**Your assignment**
Scan the entries for the word "object" and return every line that has it.

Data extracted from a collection

☆ ☆ ☆ ☆ ☆

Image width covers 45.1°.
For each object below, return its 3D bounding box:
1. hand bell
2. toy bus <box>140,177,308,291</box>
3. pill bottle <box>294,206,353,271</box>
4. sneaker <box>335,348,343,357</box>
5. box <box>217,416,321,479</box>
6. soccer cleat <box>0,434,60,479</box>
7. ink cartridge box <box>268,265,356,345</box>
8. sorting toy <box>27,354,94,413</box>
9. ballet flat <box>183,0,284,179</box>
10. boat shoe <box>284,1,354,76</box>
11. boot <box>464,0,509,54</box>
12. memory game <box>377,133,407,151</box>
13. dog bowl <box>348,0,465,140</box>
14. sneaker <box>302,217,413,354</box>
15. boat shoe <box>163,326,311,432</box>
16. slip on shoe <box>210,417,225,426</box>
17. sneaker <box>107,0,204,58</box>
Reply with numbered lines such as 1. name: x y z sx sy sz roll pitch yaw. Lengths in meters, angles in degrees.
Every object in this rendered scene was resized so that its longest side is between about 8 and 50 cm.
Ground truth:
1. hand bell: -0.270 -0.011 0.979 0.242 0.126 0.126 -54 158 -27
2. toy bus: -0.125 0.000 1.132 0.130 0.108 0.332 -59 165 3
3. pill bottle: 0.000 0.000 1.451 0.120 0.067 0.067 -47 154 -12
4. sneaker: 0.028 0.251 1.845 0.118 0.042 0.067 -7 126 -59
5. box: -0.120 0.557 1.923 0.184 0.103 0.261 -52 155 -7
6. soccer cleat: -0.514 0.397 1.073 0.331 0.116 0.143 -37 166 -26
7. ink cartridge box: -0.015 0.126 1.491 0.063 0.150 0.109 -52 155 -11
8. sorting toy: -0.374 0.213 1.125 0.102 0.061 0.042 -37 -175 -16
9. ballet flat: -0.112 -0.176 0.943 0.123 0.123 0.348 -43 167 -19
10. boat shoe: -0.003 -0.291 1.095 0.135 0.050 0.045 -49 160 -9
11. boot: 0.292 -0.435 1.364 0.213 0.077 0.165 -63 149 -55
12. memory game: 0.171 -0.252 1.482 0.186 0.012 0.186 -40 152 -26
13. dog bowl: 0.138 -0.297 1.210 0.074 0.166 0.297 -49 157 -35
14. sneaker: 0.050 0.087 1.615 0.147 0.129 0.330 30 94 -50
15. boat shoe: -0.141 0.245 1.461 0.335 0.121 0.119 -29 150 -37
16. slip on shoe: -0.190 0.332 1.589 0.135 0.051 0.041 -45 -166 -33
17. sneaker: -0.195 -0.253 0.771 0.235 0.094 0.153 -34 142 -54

☆ ☆ ☆ ☆ ☆

**Result of this task**
For each object below, return its 3D bounding box:
Every object in this rendered scene was resized so that its longest side is between about 8 and 50 cm.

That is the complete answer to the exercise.